--- Input Enclosed Below ---

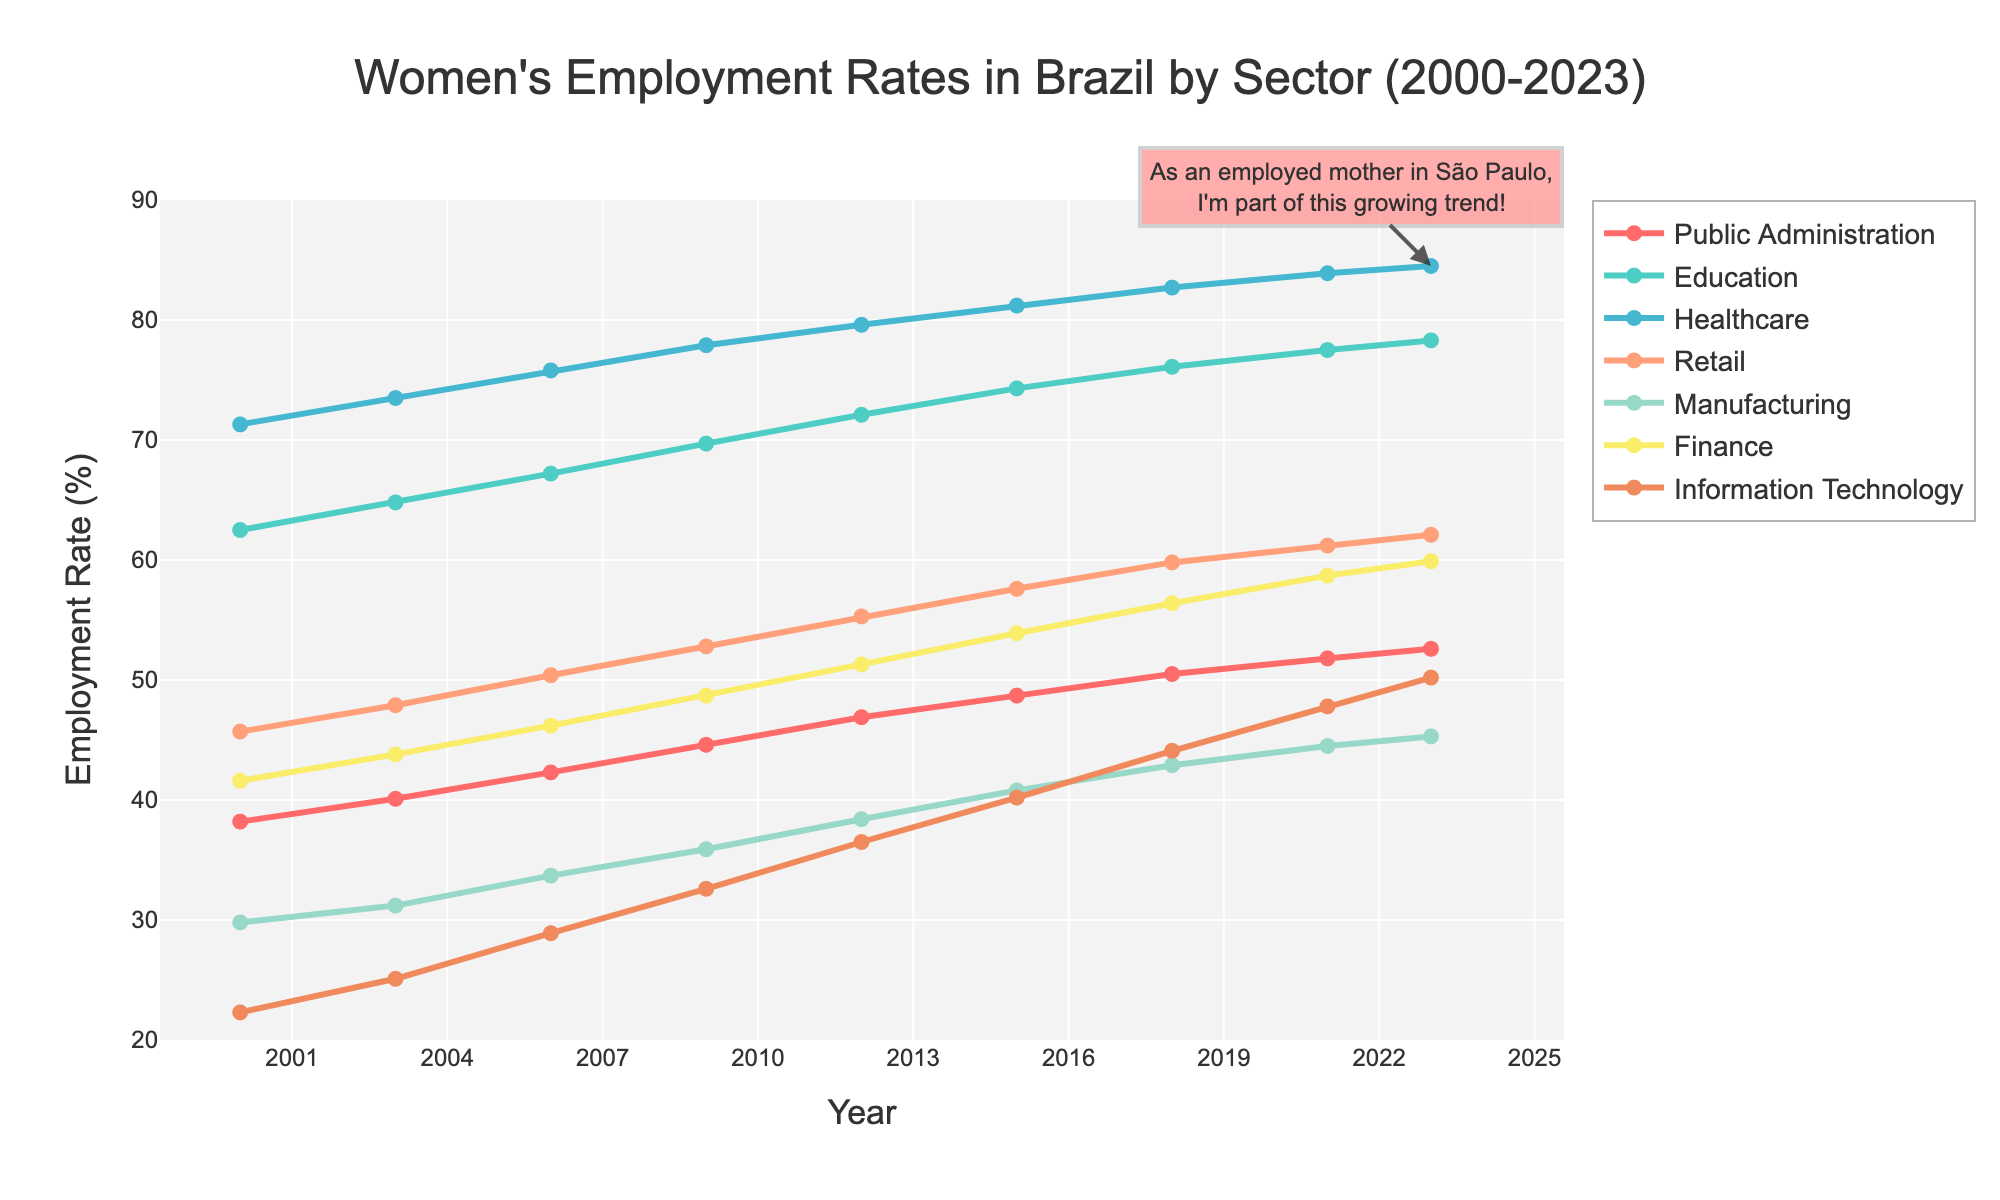What is the employment rate trend in the Healthcare sector from 2000 to 2023? The Healthcare sector starts at 71.3% in 2000 and increases steadily over time, reaching 84.5% in 2023, indicating a rising trend.
Answer: Rising trend Which sector has the highest employment rate in 2023? In 2023, the Healthcare sector has the highest employment rate at 84.5%, which is visually the tallest line endpoint on the graph.
Answer: Healthcare Compare the employment rates in the Finance sector in 2000 and 2023. What is the difference? The employment rate in the Finance sector was 41.6% in 2000 and 59.9% in 2023. The difference is 59.9% - 41.6% = 18.3%.
Answer: 18.3% Which sector shows the least increase in women's employment rates from 2000 to 2023? The Information Technology sector starts at 22.3% in 2000 and ends at 50.2% in 2023, giving an increase of 50.2% - 22.3% = 27.9%, the smallest increase compared to other sectors.
Answer: Information Technology In which year did the Retail sector surpass the 50% employment rate? The Retail sector surpasses the 50% employment rate in the year 2006, reaching 50.4%.
Answer: 2006 Which sector had a higher employment rate in 2015, Manufacturing or Public Administration? In 2015, Manufacturing had an employment rate of 40.8%, while Public Administration had 48.7%, making Public Administration higher.
Answer: Public Administration Compare the employment rate trend of the Education sector to the Finance sector from 2000 to 2023. The Education sector shows a consistent increase from 62.5% to 78.3% while the Finance sector rises from 41.6% to 59.9%. Both show an upward trend, but Education has higher rates throughout.
Answer: Education is consistently higher Between 2000 and 2023, during which periods did the Retail sector have an increase in employment rate every consecutive year? The Retail sector shows continuous increases between 2000 to 2003, 2003 to 2006, 2006 to 2009, 2009 to 2012, 2012 to 2015, and 2015 to 2018, and 2021 to 2023.
Answer: Multiple periods What is the overall increase in employment rate in the Public Administration sector from 2000 to 2023? The Public Administration sector increased from 38.2% in 2000 to 52.6% in 2023. The overall increase is 52.6% - 38.2% = 14.4%.
Answer: 14.4% 
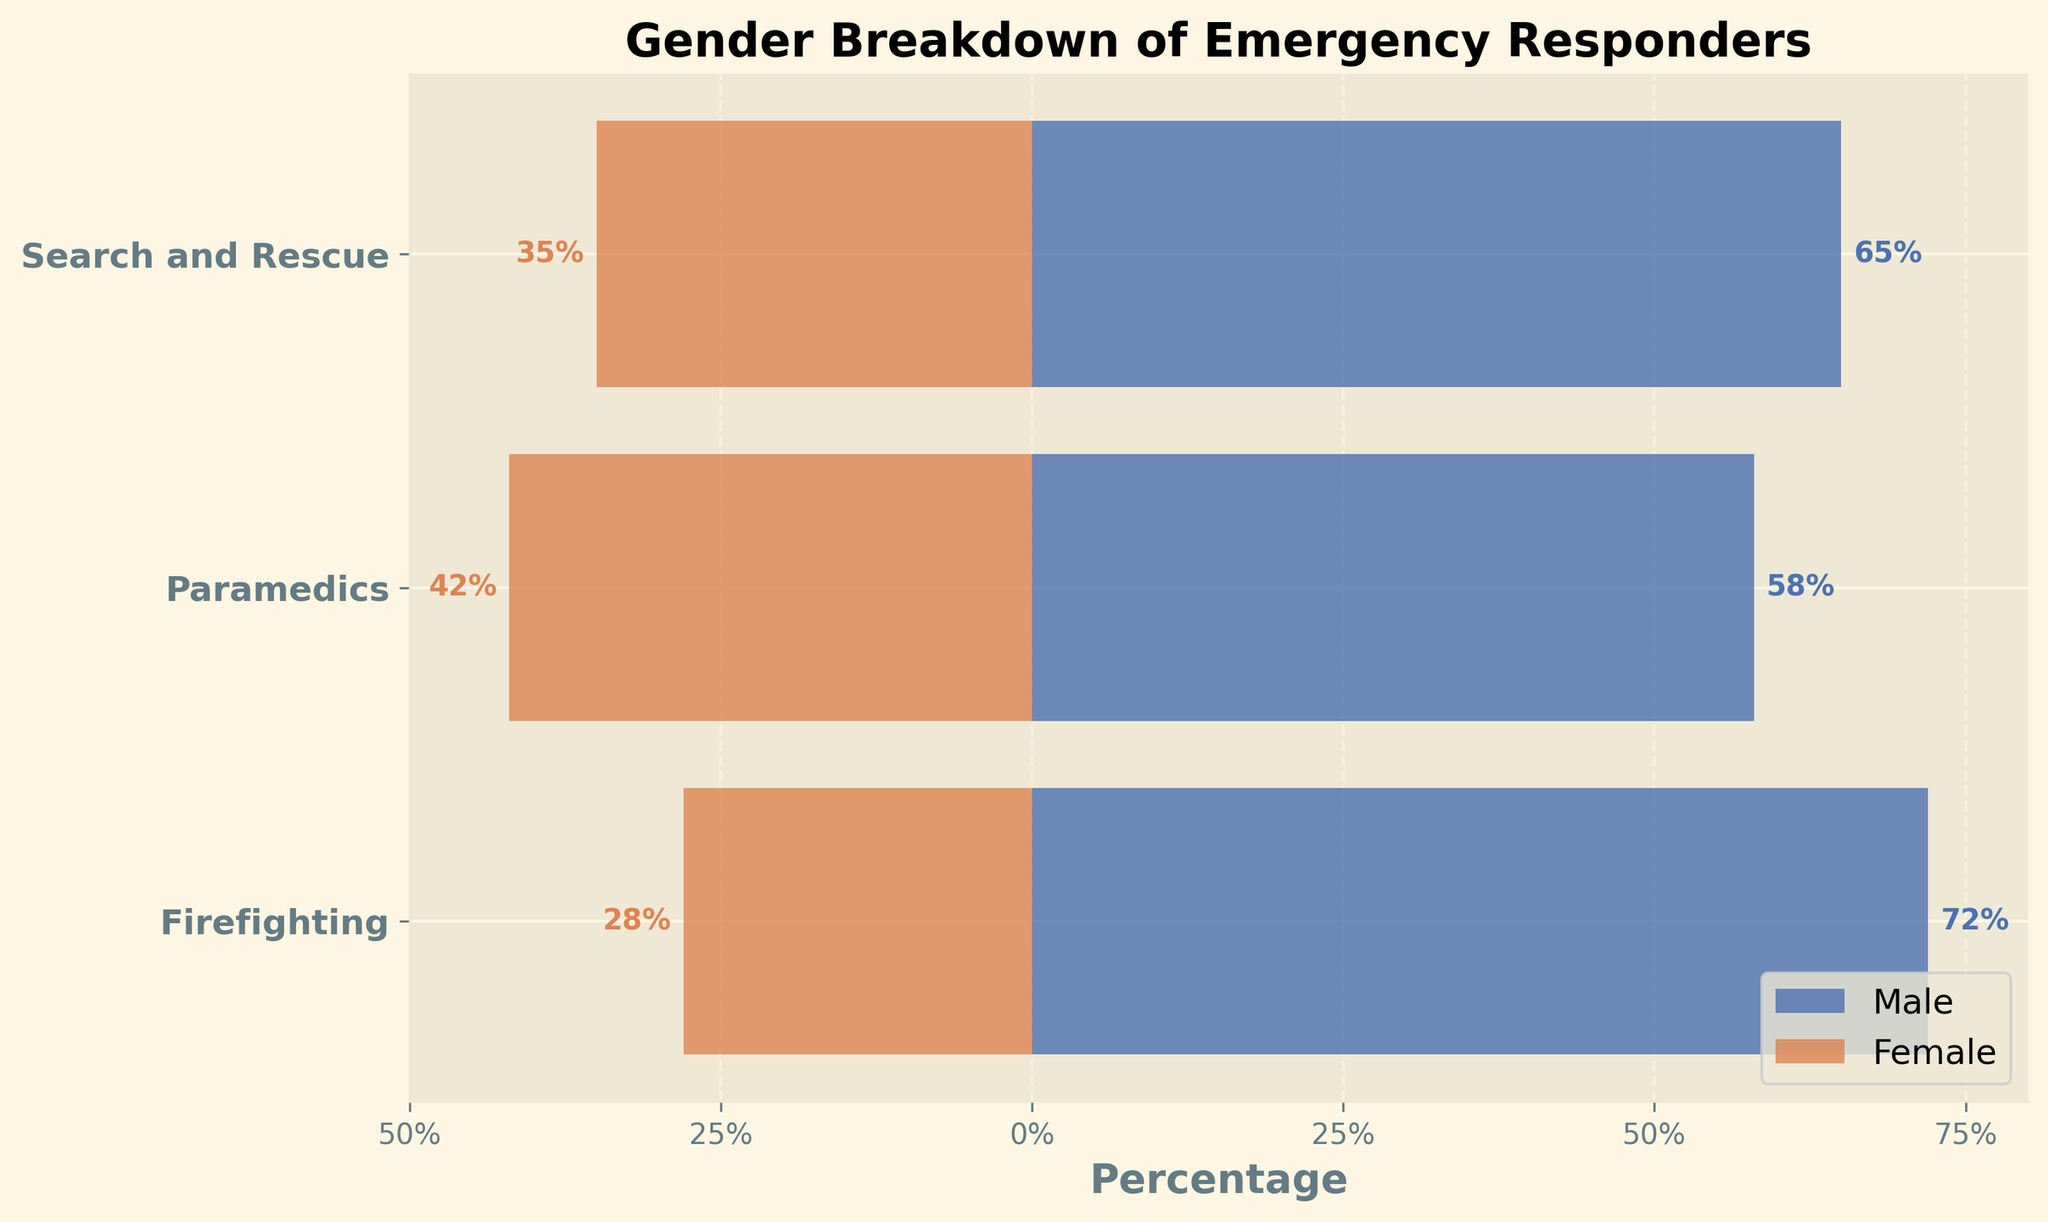what is the title of the plot? The title is typically located at the top of the figure and indicates the main subject of the plot. Here, it helps to clarify that the plot is about gender breakdown across different emergency responder specialties.
Answer: Gender Breakdown of Emergency Responders Which specialty has the highest percentage of males? To find this, we compare the percentages of males across all specialties. We look for the highest value among these numbers.
Answer: Firefighting Which specialty has the lowest percentage of females? We compare the percentages of females across all specialties and identify the lowest value among them.
Answer: Firefighting What's the gender split for the paramedics? The gender split is represented by the length of the horizontal bars for both males and females in the paramedics category. Males are 58% and females are 42%.
Answer: 58% male, 42% female How many percentage points more are male firefighters compared to female firefighters? We calculate this by subtracting the percentage of female firefighters from the percentage of male firefighters. 72% - 28% = 44%.
Answer: 44% Among the three specialties, which has the most balanced gender distribution? A balanced gender distribution means that the percentage of males and females is closest to 50-50. We compare the values for all three specialties to identify the one with minimal difference.
Answer: Paramedics On average, what is the percentage of females across all specialties? We add the percentages of females from all specialties and then divide by the number of specialties. (28% + 42% + 35%) / 3 = 35%.
Answer: 35% What is the difference in percentage points between male and female search and rescue responders? We find the difference by subtracting the percentage of female Search and Rescue responders from the percentage of male Search and Rescue responders. 65% - 35% = 30%.
Answer: 30% Which specialty shows the smallest gender disparity? We calculate the gender disparity by finding the absolute difference between male and female percentages for each specialty. We then compare these differences and identify the smallest one.
Answer: Search and Rescue How are the x-axis values labeled? The x-axis values are marked in percentages and typically represent the range of gender distribution. The labels help to indicate the extent of the male and female percentages.
Answer: Percentages (e.g., -50% to 80%)

--- End of Enclosed Input ---

Going back to the entries above, set down exactly the lines that begin at the one with "Answer: Healthcare Compare" and end at the one with "Answer: 18.3% Which", both included, and nothing else.

Answer: Healthcare Compare the employment rates in the Finance sector in 2000 and 2023. What is the difference? The employment rate in the Finance sector was 41.6% in 2000 and 59.9% in 2023. The difference is 59.9% - 41.6% = 18.3%.
Answer: 18.3% Which sector shows the least increase in women's employment rates from 2000 to 2023? The Information Technology sector starts at 22.3% in 2000 and ends at 50.2% in 2023, giving an increase of 50.2% - 22.3% = 27.9%, the smallest increase compared to other sectors.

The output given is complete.